L’herbe rouge – Un naturel très étrange

On dit Boris Vian.
On dit science-fiction.
On dit L’herbe rouge.

 

L’odeur du sang, sans son prix.
L’envie de meurtre, sans action.
Un univers crédible de naturel.
Un monde sans morale.

Les femmes sont bêtes, parce qu’on les veut ainsi.
Les hommes se consolent comme les femmes.

Et une machine.
Une belle machine.
De celle qui vous font remonter dans le temps.
De celle qui vous psychanalyse.
De celle qui … mais nous ne vous en dirons pas plus.

Ce roman est un petit bijou de lucidité, d’étrangeté et de subtilité.

Lucide parce que naturel et à peine métaphorique. On retrouve une critique amusée autant qu’acerbe de notre société. Mais jamais de jugement, si ce n’est une ironie mordante.

Etrange parce que si science-fiction il y a, les ressorts de l’intrigue tiennent plus du fantastique d’un Dorian Gray. D’ailleurs Wilde ne tombe pas mal à propos, et les peurs de son héros  sont comme une lien de parenté avec un des héros de Vian. Héros moderne s’il en est puisqu’il est scientifique, un de ces scientifiques bien portant qu’on retrouve dans la java atomique.

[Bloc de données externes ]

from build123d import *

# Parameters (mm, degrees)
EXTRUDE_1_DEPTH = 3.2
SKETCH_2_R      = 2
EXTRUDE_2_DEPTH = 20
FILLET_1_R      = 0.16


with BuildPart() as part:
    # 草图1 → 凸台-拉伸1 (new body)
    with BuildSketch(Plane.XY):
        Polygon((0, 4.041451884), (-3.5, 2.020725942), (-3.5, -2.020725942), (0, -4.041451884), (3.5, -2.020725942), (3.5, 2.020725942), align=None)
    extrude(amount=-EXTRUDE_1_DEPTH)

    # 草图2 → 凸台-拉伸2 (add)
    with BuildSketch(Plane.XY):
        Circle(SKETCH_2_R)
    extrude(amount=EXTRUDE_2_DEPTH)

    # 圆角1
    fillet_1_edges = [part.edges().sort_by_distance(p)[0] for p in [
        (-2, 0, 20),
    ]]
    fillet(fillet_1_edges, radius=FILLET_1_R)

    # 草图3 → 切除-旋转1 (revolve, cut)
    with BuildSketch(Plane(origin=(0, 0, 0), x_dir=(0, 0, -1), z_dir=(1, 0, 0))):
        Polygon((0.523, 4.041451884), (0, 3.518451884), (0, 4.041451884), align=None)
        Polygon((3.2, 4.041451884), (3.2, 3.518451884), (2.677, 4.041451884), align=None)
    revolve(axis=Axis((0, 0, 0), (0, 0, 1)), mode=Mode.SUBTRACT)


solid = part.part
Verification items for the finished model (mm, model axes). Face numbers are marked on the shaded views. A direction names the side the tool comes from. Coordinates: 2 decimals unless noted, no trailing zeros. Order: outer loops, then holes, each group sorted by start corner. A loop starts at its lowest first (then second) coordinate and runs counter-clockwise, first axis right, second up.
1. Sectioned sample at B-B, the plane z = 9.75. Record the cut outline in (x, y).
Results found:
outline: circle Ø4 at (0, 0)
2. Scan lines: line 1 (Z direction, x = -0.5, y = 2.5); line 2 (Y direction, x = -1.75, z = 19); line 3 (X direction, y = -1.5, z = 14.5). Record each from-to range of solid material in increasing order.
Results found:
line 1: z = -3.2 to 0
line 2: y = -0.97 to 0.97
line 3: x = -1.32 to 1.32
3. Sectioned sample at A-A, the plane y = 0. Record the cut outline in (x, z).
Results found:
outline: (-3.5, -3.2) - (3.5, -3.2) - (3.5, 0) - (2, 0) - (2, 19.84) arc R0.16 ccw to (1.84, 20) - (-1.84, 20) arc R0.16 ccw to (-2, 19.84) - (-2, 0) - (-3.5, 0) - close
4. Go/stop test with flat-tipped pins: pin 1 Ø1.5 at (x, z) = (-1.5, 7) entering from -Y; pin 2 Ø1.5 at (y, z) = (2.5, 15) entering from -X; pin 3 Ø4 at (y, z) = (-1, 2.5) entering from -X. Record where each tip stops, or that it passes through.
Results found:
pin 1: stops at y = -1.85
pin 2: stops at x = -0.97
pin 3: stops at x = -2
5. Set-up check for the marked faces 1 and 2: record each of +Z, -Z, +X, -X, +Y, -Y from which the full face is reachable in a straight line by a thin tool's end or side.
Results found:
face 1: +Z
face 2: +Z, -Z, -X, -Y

Subtil enfin parce que malgré ces références, malgré cette moquerie métaphorique, tout reste léger, presque banal, trop banal même, trop commun. Les personnages eux mêmes ne s’étonnent pas de grand chose. Les événements ont pourtant de quoi surprendre, même un petit peu. Si l’on relativise l’actualité quotidienne à laquelle on nous soumets, il est plausible que nous non plus, plus rien ne nous étonne.

Même si l’univers est si rouge et enfoncé dans une certaine mélancolie, une bile noire, on aimerait le voir en film, en peinture ou en aquarelle. Dilué dans l’eau des images, les mots de Vian prendrait leur amplitude et leur côté magique brillerait tout autant que dans nos têtes liseuses.

Dans la plupart des éditions, L’herbe rouge est suivi des Lurettes fourrées qui est tout autant lucide, étrange et subtil. On trouve un peu du naturel non clinquant d’un Bradbury des Chroniques Martiennes dans les scènes quotidiennes d’un temps hors du temps des Lurettes comme de L’herbe.

A savourer, le temps d’un voyage en train.